The Smart Home

APR
06
2016

Three Considerations for Home Technology

Incorporating tech needs into a project’s design phase leads to better performance and fewer aesthetic compromises.

By Jason GriffingPrint

Modern life is increasingly technology-reliant, and we know that today’s living spaces demand a growing level of tech compatibility. The smart move is to discuss this just as early and with the same thoroughness as electrical and lighting plans. So why do so few of us account for that when designing our homes? 

The signs of this collective oversight are everywhere. Routers and ugly network devices hiding in plain sight. Cable boxes and receivers shoehorned into furniture. Component fan-noise within earshot of primary rooms. WiFi dead zones.

These are honest mistakes. After all, the isolated act of hanging a TV or installing a pair of speakers doesn’t seem to require much in the way of planning. But it’s what you don’t see that determines how technology fits into your daily environment. Without prior planning, unnecessary aesthetic compromises are inevitable. 

The good news is, an ounce of prevention is worth a pound of cure. A thorough review of technology’s role in your home during the design phase will uncover potential pitfalls, help minimize the visual impact on the space, and ensure optimum performance. 

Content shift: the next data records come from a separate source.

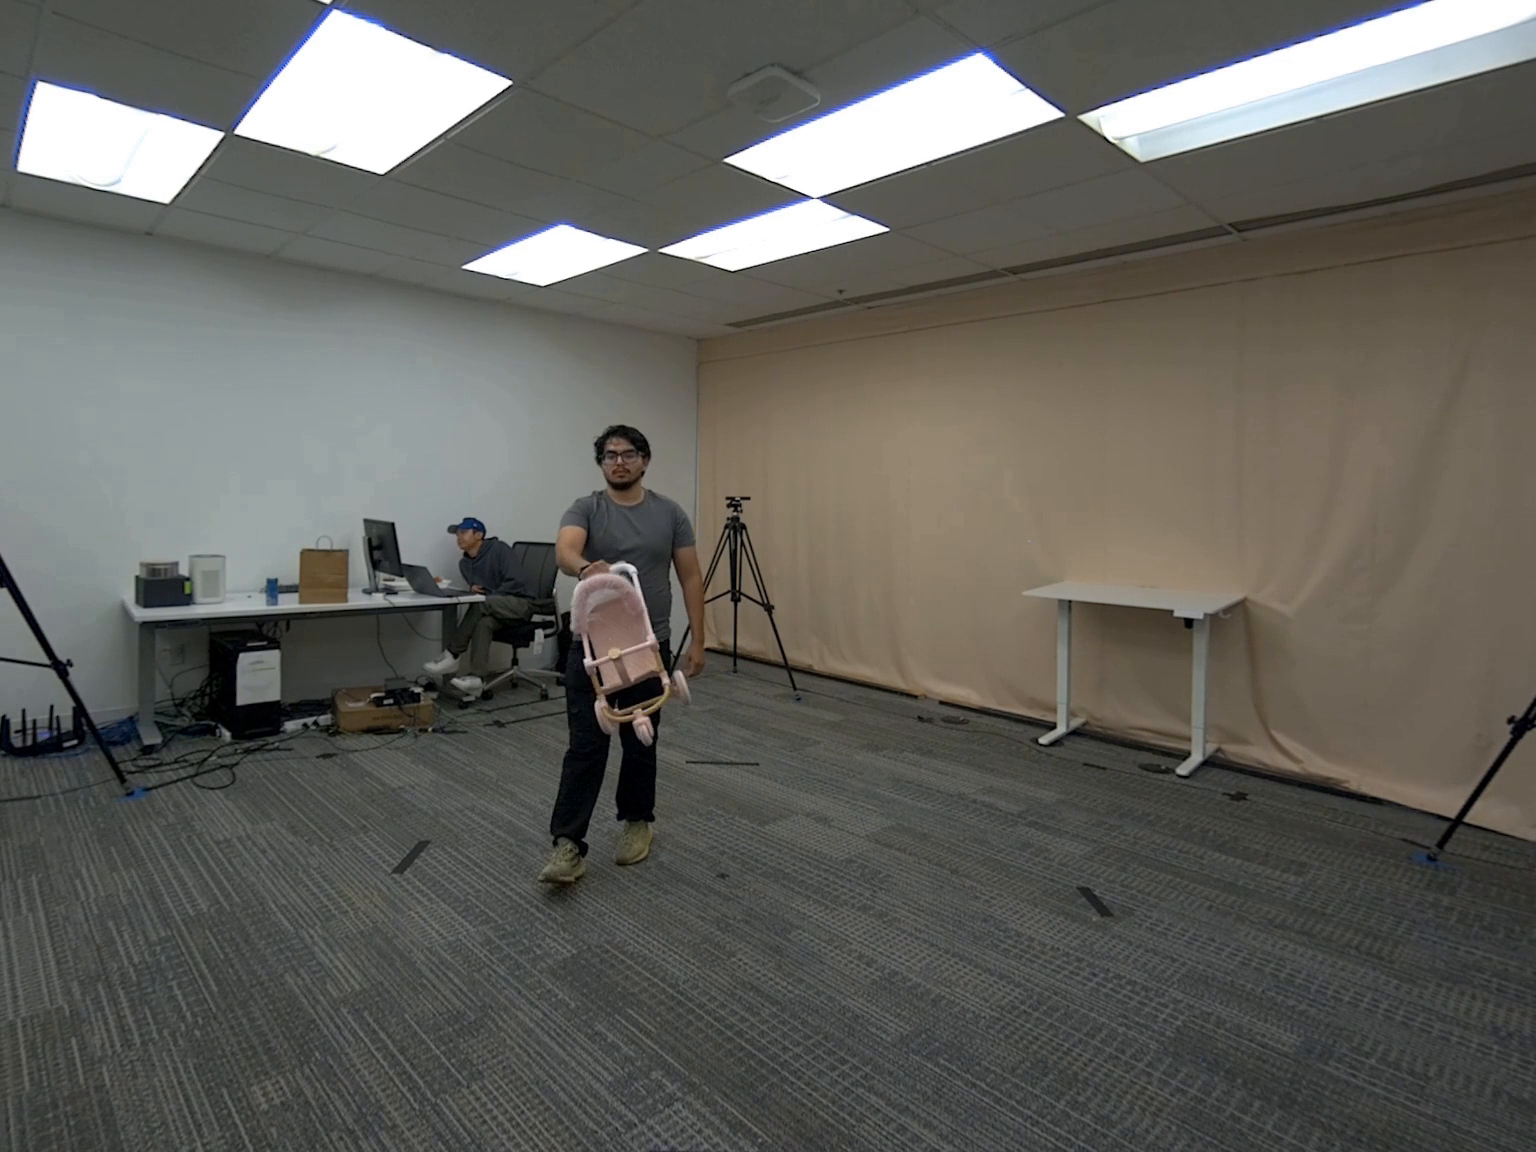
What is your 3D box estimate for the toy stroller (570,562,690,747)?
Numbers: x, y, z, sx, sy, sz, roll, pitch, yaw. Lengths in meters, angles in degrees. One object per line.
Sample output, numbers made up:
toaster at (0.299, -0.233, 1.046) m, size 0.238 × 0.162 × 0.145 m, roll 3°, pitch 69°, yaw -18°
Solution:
toy stroller at (-0.435, 0.228, 2.445) m, size 0.281 × 0.538 × 0.339 m, roll -18°, pitch -6°, yaw -1°

Here are three things to consider while designing your space:

1. Do you have adequate space in a concealed location to house components and manage cabling? The devices add up quickly: Cable boxes, AV receivers, gaming consoles, network switches, power conditioners, and more. Your best bet is to account for a floor-standing (or wall-mounted) AV / network rack, kept in either a mechanical room or large closet. Plan for a footprint no less than 24” wide x 30” deep. Homes larger than 6,000 square feet may require multiple racks, depending on the technology requirements. 

2. Is your heat load properly controlled? Centralizing components in a mechanical room or closet makes heat mitigation easy, because you only have to contend with heat issues in a single, out-of-sight area. If components must be housed inside visible furniture, plan on exhausting heat from up high, in the rear of the cabinet. Cool “make up” air will need a way to enter the cabinet, which is most easily done through a vent or series of small holes in the cabinet’s toe-kick.

3. Have you accounted for proper WiFi coverage using access points in concealed locations? WiFi dead spots are the bane of any home technology system, but they can be eliminated through the use of dedicated access points. The best locations for these access points are typically on the top shelf of closets or pantries. Not only is the range improved by installing them up high, but they practically disappear. For optimum performance, plan on using one access point for every 1,000 square feet of space.

These three simple considerations, handled at the right time, will save you time and money while protecting the visual integrity of your home. And that’s always a good idea.